Juncker, based in Brussels, also claimed nearly €2000 for a one night trip to Berlin (a single ticket on a budget airline costs around €25 Euro). He even claimed for minor excursions despite his €324,377 (£275,275) salary: he was paid €48 in ‘daily allowances’ to attend a meeting in Germany with Martin Schulz. Wonder what that went on…

The data, which can be viewed thanks to a campaign led by Access Info Europe, shows the Commissioners enjoyed 261 official trips in January and Feburary 2016. Britain’s former Commissioner Jonathan Hill spent €422 on food and drink and €1017 on hotels during a two day trip to the World Economic Forum in Davos, Switzerland. Tax-payer funded extravagances included splurging on ‘air taxis’ – chartered planes – by foreign affairs chief Federica Mogherini, who spent €75,000 in a single trip to Azerbaijan. Christos Stylianides, the commissioner for humanitarian aid, claimed €11,000 for a trip to Somalia and Turkey. Makes a change from using planes owned by lobbyists…

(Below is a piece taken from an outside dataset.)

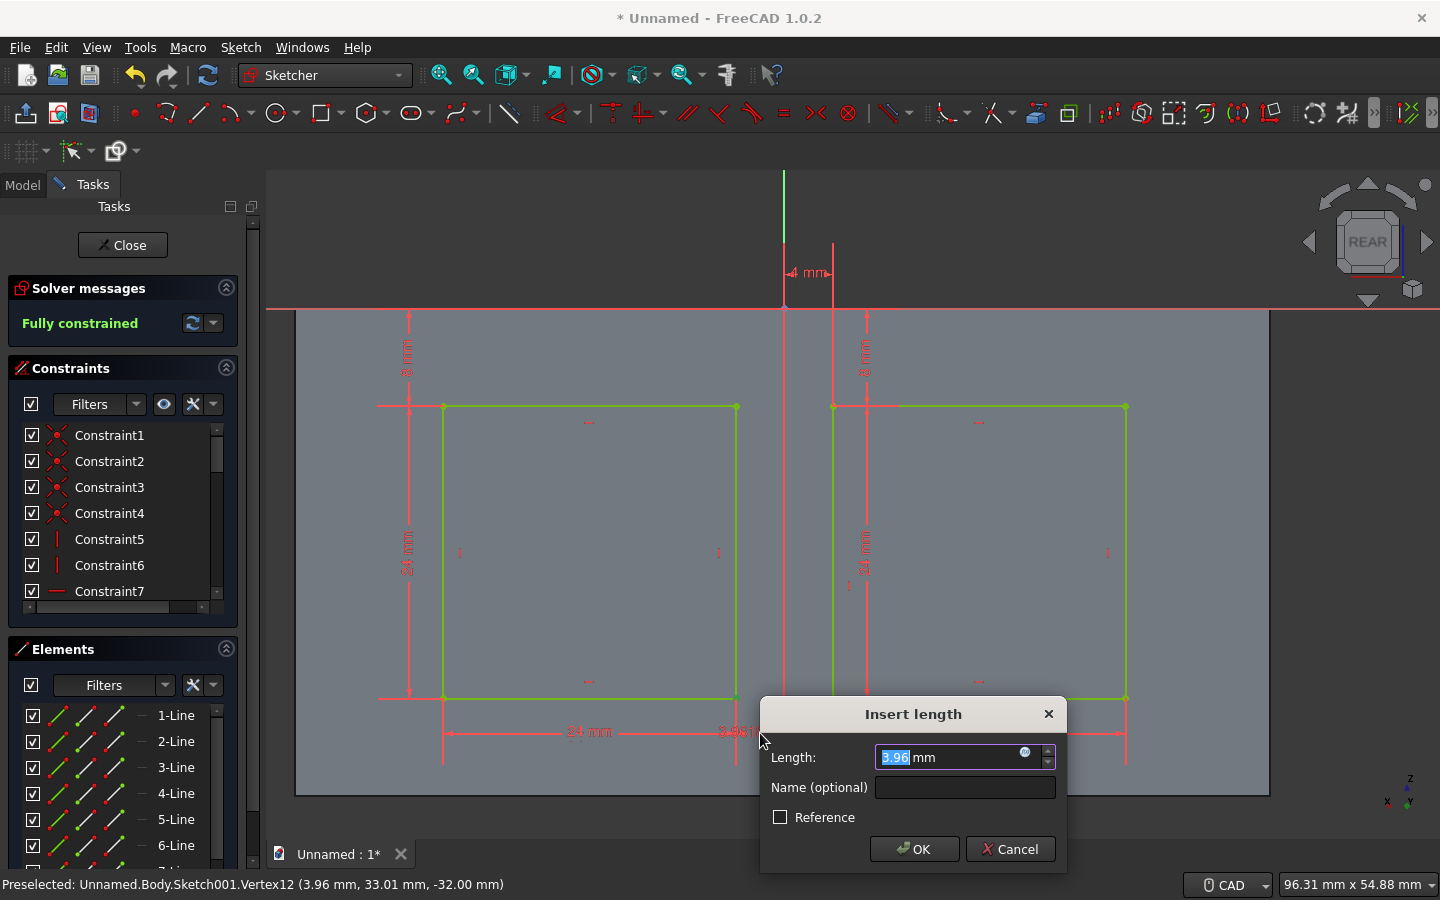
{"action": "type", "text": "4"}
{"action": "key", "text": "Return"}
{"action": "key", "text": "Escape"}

Despite the embarrassing release, the Commission still has the brass neck to resist further disclosures covering the remainder of 2016, saying this would impose an “excessive administrative burden”. For three years the EU has tried to block transparency on Commissioners’ expenses at every turn. Helen Darbishire, Executive Director of Access Info Europe, said:

“Giving 120 requesters only two months’ worth of expenses data is a token gesture…The real cost here is not the cost of processing data, but rather it’s the cost to the credibility of and trust in the European Commission when it refuses to publish basic information about the spending of taxpayers’ funds.”

Thankfully the British taxpayer will no longer be funding Juncker’s junkets…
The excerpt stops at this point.